Stored data entries:
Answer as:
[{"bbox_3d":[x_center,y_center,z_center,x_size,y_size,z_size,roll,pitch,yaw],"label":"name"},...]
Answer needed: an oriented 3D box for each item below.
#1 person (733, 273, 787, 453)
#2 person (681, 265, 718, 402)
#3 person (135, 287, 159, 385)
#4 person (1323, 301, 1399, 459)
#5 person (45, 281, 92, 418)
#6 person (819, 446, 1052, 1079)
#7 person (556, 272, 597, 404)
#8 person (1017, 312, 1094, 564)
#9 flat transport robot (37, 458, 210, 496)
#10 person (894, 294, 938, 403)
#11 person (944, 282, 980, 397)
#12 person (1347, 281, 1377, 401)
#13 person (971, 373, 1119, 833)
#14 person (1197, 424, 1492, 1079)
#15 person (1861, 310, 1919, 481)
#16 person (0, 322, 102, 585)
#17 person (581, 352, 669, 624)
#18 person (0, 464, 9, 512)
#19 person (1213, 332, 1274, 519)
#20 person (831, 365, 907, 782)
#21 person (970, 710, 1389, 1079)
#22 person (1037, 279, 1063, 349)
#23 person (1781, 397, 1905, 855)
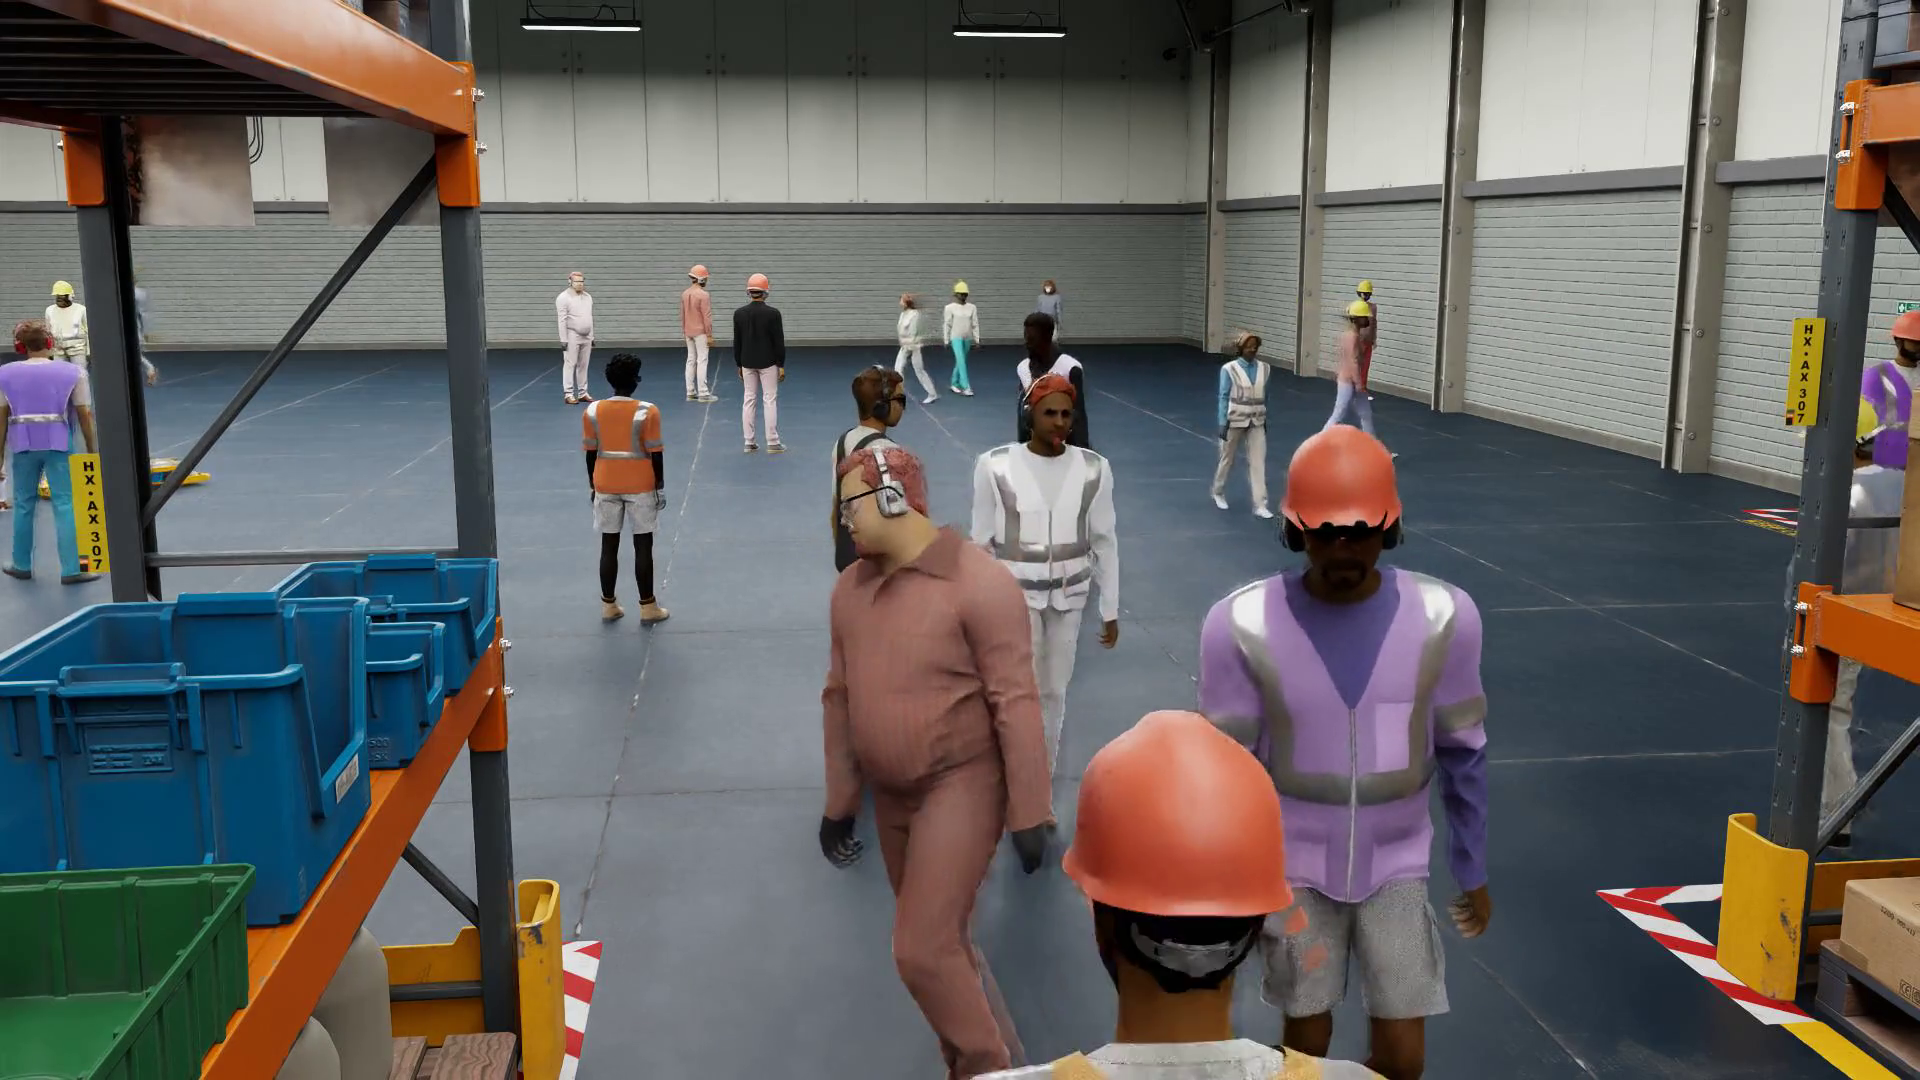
[{"bbox_3d":[-2.223,-1.960,18.535,0.612,1.997,0.375,4,11,19],"label":"person"},{"bbox_3d":[-3.816,-3.017,24.336,0.397,1.992,0.622,-10,14,-44],"label":"person"},{"bbox_3d":[-13.031,-3.323,26.251,0.631,1.916,0.867,4,11,21],"label":"person"},{"bbox_3d":[4.262,-1.703,17.904,0.887,1.718,0.537,4,11,23],"label":"person"},{"bbox_3d":[-11.738,-2.492,21.911,0.600,1.827,0.403,-1,10,-4],"label":"person"},{"bbox_3d":[-0.082,0.692,4.398,0.458,1.867,0.733,-8,13,-37],"label":"person"},{"bbox_3d":[-5.513,-2.920,24.058,0.399,1.905,0.643,7,12,33],"label":"person"},{"bbox_3d":[0.638,-0.630,11.521,0.441,1.895,0.611,-8,13,-36],"label":"person"},{"bbox_3d":[-7.988,-0.602,15.827,0.652,0.197,1.431,7,12,32],"label":"flat transport robot"},{"bbox_3d":[-0.717,-2.744,23.946,0.880,1.595,0.533,-6,12,-28],"label":"person"},{"bbox_3d":[0.029,-3.071,25.391,0.535,1.720,0.893,-5,12,-28],"label":"person"},{"bbox_3d":[5.926,-2.928,24.506,0.521,1.762,0.333,-5,12,-26],"label":"person"},{"bbox_3d":[0.349,0.272,6.656,0.622,1.863,0.608,-2,11,-13],"label":"person"},{"bbox_3d":[0.860,0.737,3.705,0.682,2.014,0.502,1,10,3],"label":"person"},{"bbox_3d":[6.105,-0.521,10.819,0.551,1.932,0.378,-2,11,-11],"label":"person"},{"bbox_3d":[-6.406,-0.600,11.606,0.669,1.812,0.608,-5,12,-26],"label":"person"},{"bbox_3d":[-2.078,-0.319,10.364,0.540,1.695,0.317,3,11,14],"label":"person"},{"bbox_3d":[-8.512,-1.117,14.420,0.348,1.824,0.649,1,10,8],"label":"person"},{"bbox_3d":[2.449,-1.018,14.471,0.532,1.596,0.861,-4,11,-19],"label":"person"},{"bbox_3d":[-0.381,0.148,7.400,0.325,1.843,0.515,-7,12,-34],"label":"person"},{"bbox_3d":[0.228,1.148,1.747,0.552,1.913,0.804,-2,11,-10],"label":"person"},{"bbox_3d":[1.703,-4.119,31.441,0.504,1.612,0.704,3,11,14],"label":"person"},{"bbox_3d":[3.411,0.329,6.491,0.615,1.809,0.437,-8,13,-39],"label":"person"}]

Work instruction: List each line of the records that holds the string "Answer".

Solution:
Answer as:
Answer needed: an oriented 3D box for each item below.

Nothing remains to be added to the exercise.